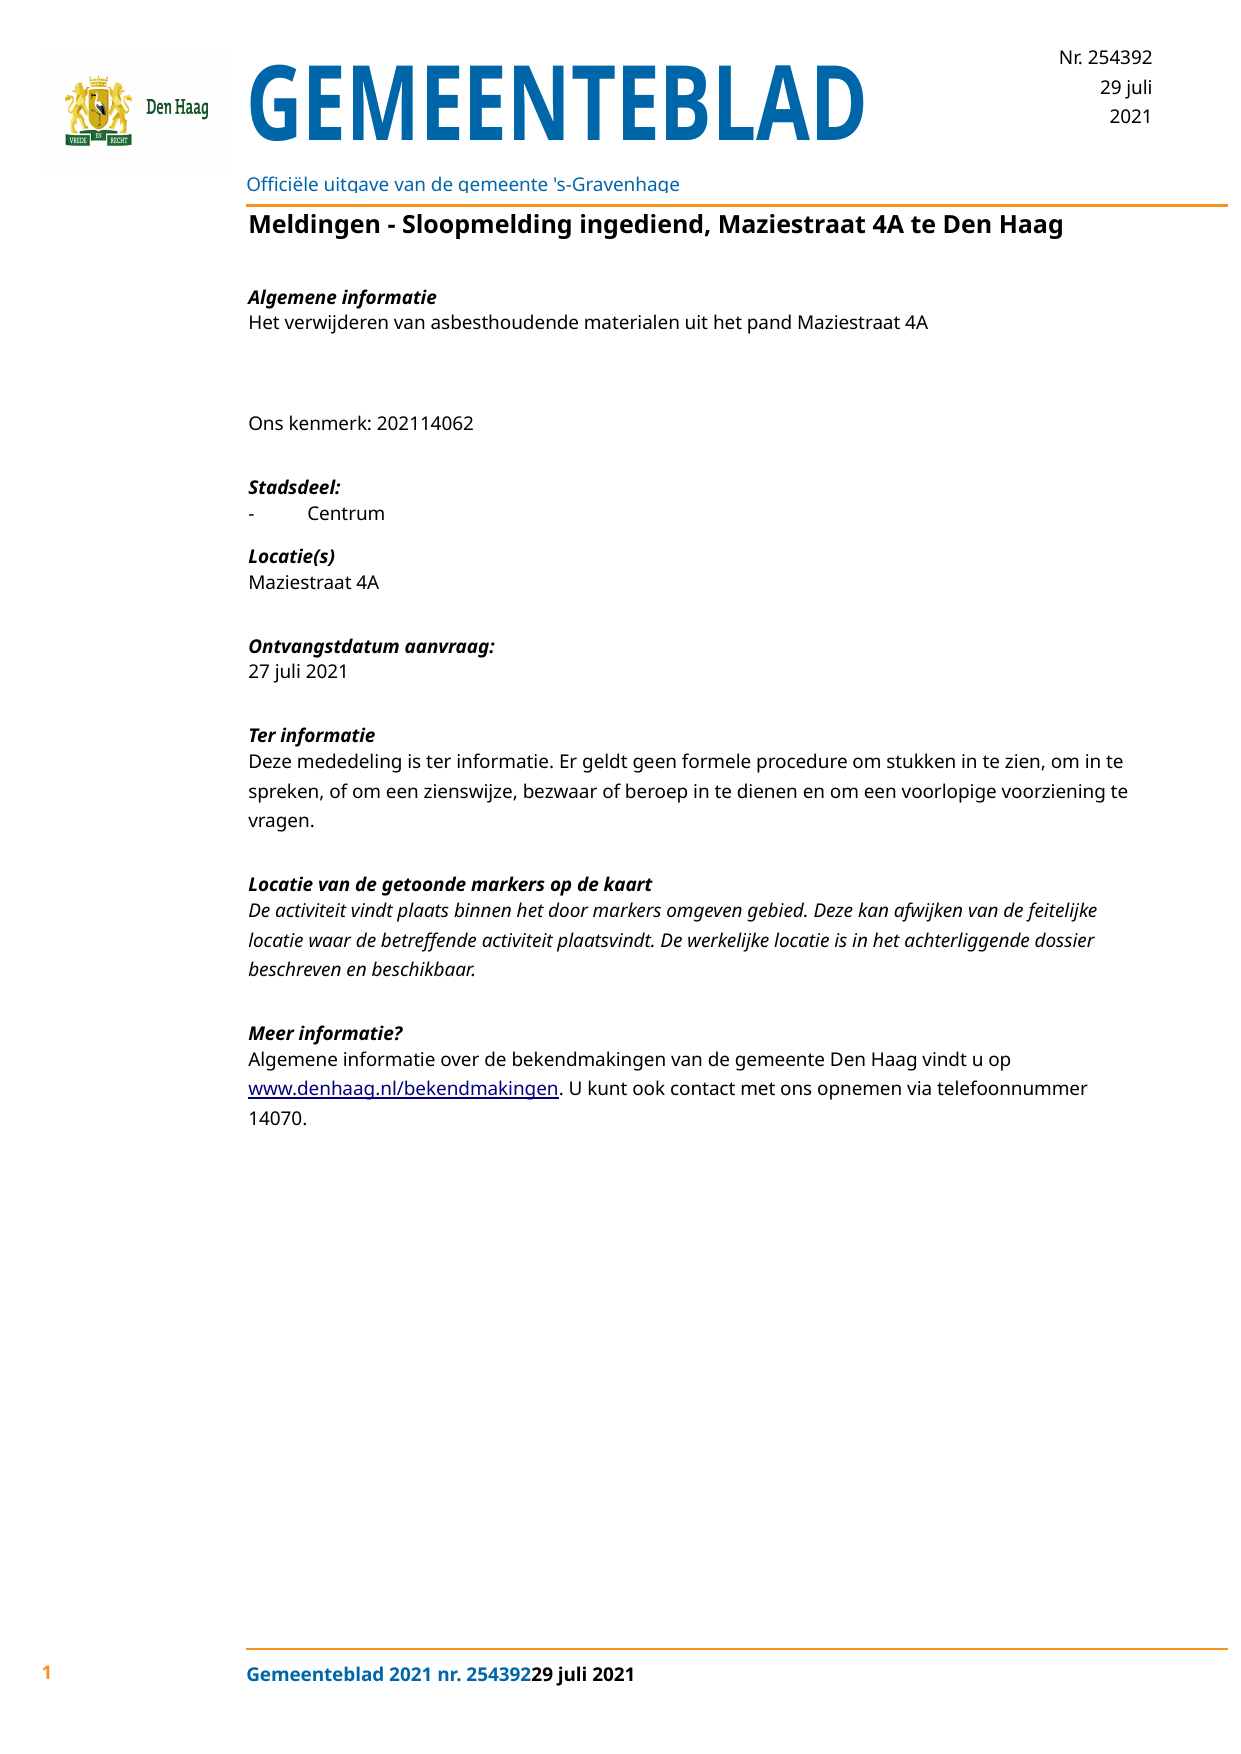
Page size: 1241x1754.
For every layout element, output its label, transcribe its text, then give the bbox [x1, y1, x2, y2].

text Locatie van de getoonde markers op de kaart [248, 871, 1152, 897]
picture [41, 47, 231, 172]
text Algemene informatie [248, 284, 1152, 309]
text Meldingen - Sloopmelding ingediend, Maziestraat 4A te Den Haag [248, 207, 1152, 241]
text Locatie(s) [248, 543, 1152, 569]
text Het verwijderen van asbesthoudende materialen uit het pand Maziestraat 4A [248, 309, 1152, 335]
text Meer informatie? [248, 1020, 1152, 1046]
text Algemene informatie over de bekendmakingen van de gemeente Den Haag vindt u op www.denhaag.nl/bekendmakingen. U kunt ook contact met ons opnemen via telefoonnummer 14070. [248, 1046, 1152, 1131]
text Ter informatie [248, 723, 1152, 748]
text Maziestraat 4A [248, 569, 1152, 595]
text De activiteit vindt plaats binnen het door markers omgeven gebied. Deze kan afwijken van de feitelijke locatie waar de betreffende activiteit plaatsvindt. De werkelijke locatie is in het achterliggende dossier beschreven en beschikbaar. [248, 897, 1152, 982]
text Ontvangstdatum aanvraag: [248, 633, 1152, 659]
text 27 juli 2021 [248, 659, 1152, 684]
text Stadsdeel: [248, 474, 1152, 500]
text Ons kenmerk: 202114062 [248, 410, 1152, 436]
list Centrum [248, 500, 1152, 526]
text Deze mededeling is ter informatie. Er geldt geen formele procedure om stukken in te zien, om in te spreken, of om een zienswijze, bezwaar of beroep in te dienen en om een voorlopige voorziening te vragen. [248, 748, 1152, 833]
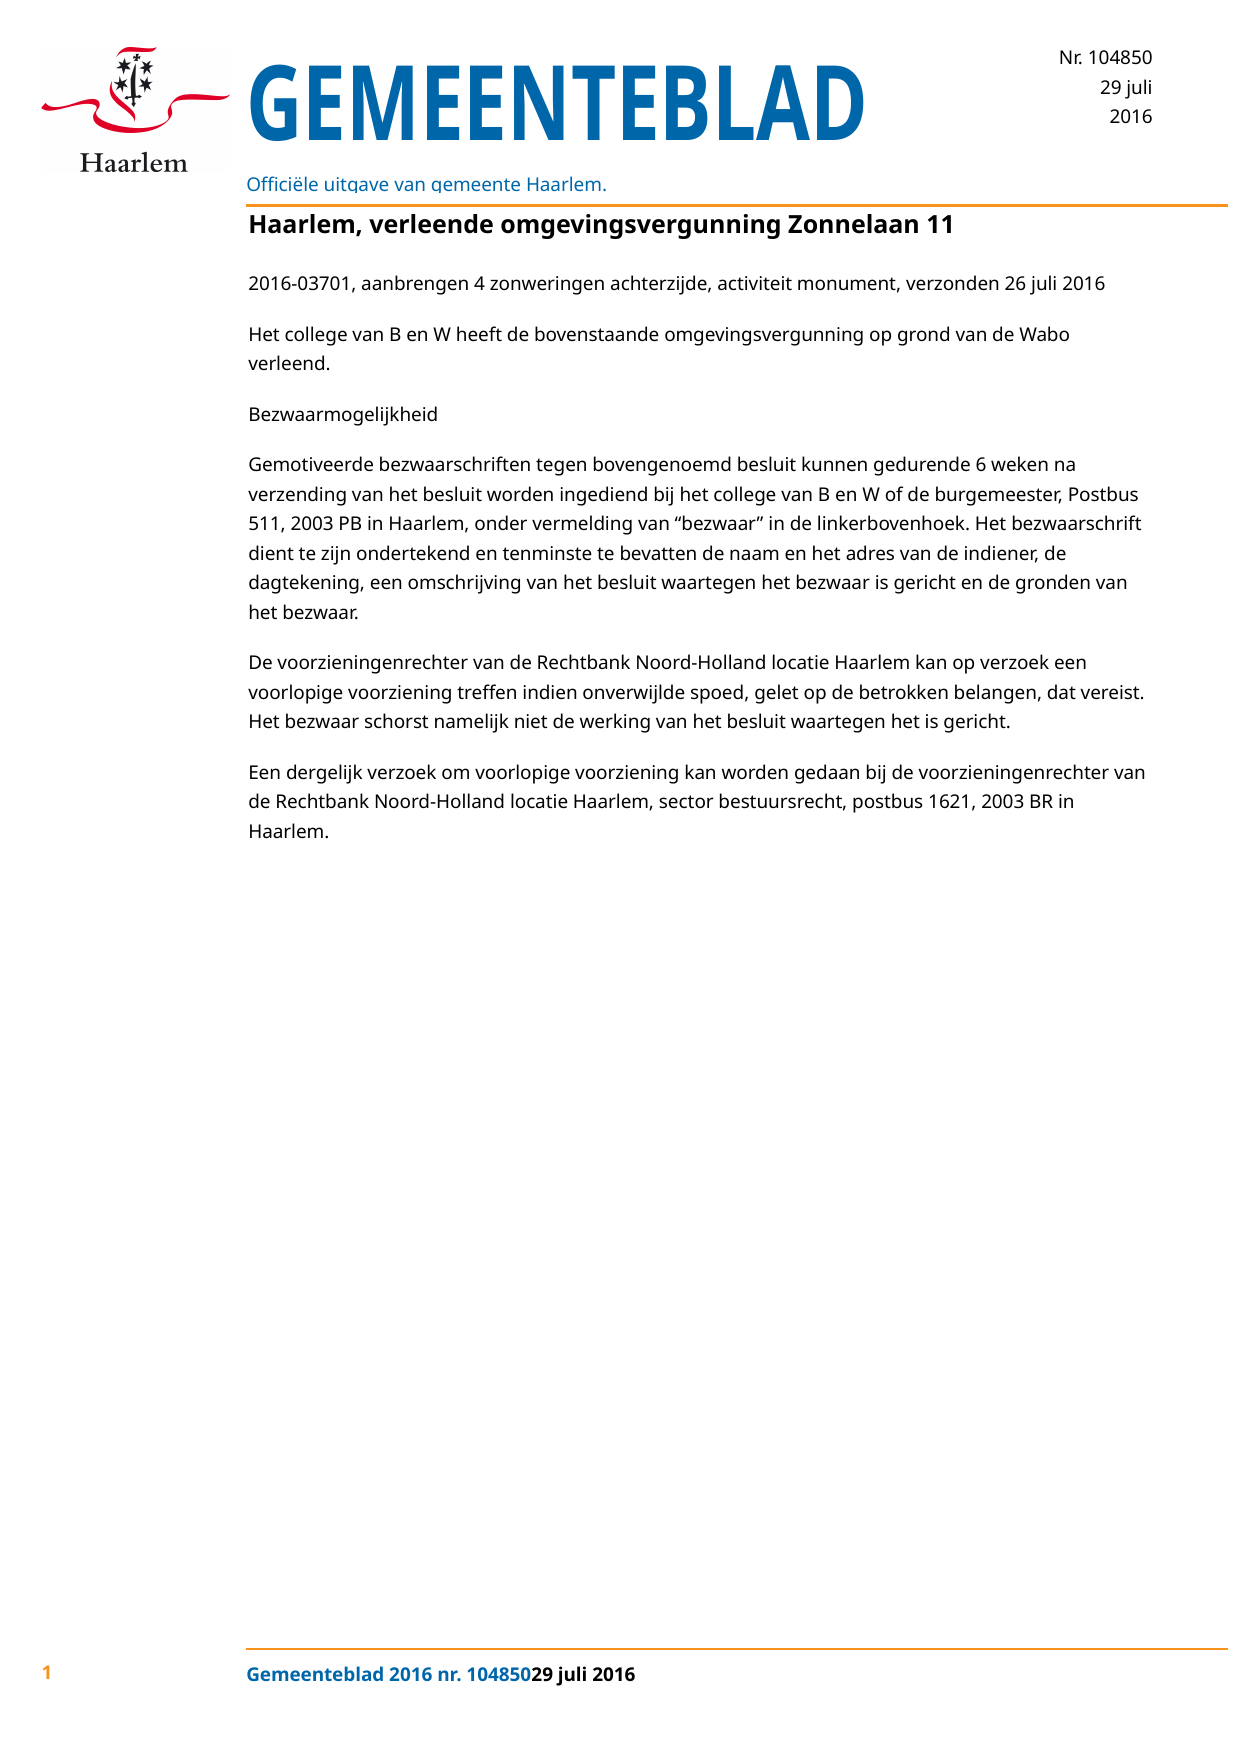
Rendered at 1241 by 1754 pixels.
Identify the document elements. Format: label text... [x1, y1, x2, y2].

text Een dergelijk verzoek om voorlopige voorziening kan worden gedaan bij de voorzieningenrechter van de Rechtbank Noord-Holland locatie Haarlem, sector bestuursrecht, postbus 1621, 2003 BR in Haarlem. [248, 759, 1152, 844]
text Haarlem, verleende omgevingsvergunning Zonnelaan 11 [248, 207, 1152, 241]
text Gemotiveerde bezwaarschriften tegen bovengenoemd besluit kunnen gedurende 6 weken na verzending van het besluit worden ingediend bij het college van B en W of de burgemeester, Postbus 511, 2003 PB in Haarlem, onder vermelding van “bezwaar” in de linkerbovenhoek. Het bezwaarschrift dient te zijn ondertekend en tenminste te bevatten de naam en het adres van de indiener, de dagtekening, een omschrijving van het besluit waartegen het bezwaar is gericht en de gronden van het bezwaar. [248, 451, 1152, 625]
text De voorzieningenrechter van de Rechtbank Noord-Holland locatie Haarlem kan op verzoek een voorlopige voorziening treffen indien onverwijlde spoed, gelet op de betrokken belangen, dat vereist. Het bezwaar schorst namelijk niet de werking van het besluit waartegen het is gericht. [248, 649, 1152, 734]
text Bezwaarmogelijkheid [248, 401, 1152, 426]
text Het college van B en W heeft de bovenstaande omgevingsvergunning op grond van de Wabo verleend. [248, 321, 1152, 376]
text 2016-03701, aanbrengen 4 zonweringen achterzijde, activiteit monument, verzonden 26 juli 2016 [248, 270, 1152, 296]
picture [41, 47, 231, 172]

• [Work to be completed] From the top of the listing above, repeat each line exactly until you reach the line containing "text Haarlem, verleende", and repeat that one too. Leave the pictures out.

• [Solution]
Page size: 1241x1754.
For every layout element, output its label, transcribe its text, then give the bbox [x1, y1, x2, y2].

text Locatie van de getoonde markers op de kaart [248, 871, 1152, 897]
picture [41, 47, 231, 172]
text Algemene informatie [248, 284, 1152, 309]
text Meldingen - Sloopmelding ingediend, Maziestraat 4A te Den Haag [248, 207, 1152, 241]
text Locatie(s) [248, 543, 1152, 569]
text Het verwijderen van asbesthoudende materialen uit het pand Maziestraat 4A [248, 309, 1152, 335]
text Meer informatie? [248, 1020, 1152, 1046]
text Algemene informatie over de bekendmakingen van de gemeente Den Haag vindt u op www.denhaag.nl/bekendmakingen. U kunt ook contact met ons opnemen via telefoonnummer 14070. [248, 1046, 1152, 1131]
text Ter informatie [248, 723, 1152, 748]
text Maziestraat 4A [248, 569, 1152, 595]
text De activiteit vindt plaats binnen het door markers omgeven gebied. Deze kan afwijken van de feitelijke locatie waar de betreffende activiteit plaatsvindt. De werkelijke locatie is in het achterliggende dossier beschreven en beschikbaar. [248, 897, 1152, 982]
text Ontvangstdatum aanvraag: [248, 633, 1152, 659]
text 27 juli 2021 [248, 659, 1152, 684]
text Stadsdeel: [248, 474, 1152, 500]
text Ons kenmerk: 202114062 [248, 410, 1152, 436]
list Centrum [248, 500, 1152, 526]
text Deze mededeling is ter informatie. Er geldt geen formele procedure om stukken in te zien, om in te spreken, of om een zienswijze, bezwaar of beroep in te dienen en om een voorlopige voorziening te vragen. [248, 748, 1152, 833]
Rendered at 1241 by 1754 pixels.
Identify the document elements. Format: label text... [x1, y1, x2, y2].

text Een dergelijk verzoek om voorlopige voorziening kan worden gedaan bij de voorzieningenrechter van de Rechtbank Noord-Holland locatie Haarlem, sector bestuursrecht, postbus 1621, 2003 BR in Haarlem. [248, 759, 1152, 844]
text Haarlem, verleende omgevingsvergunning Zonnelaan 11 [248, 207, 1152, 241]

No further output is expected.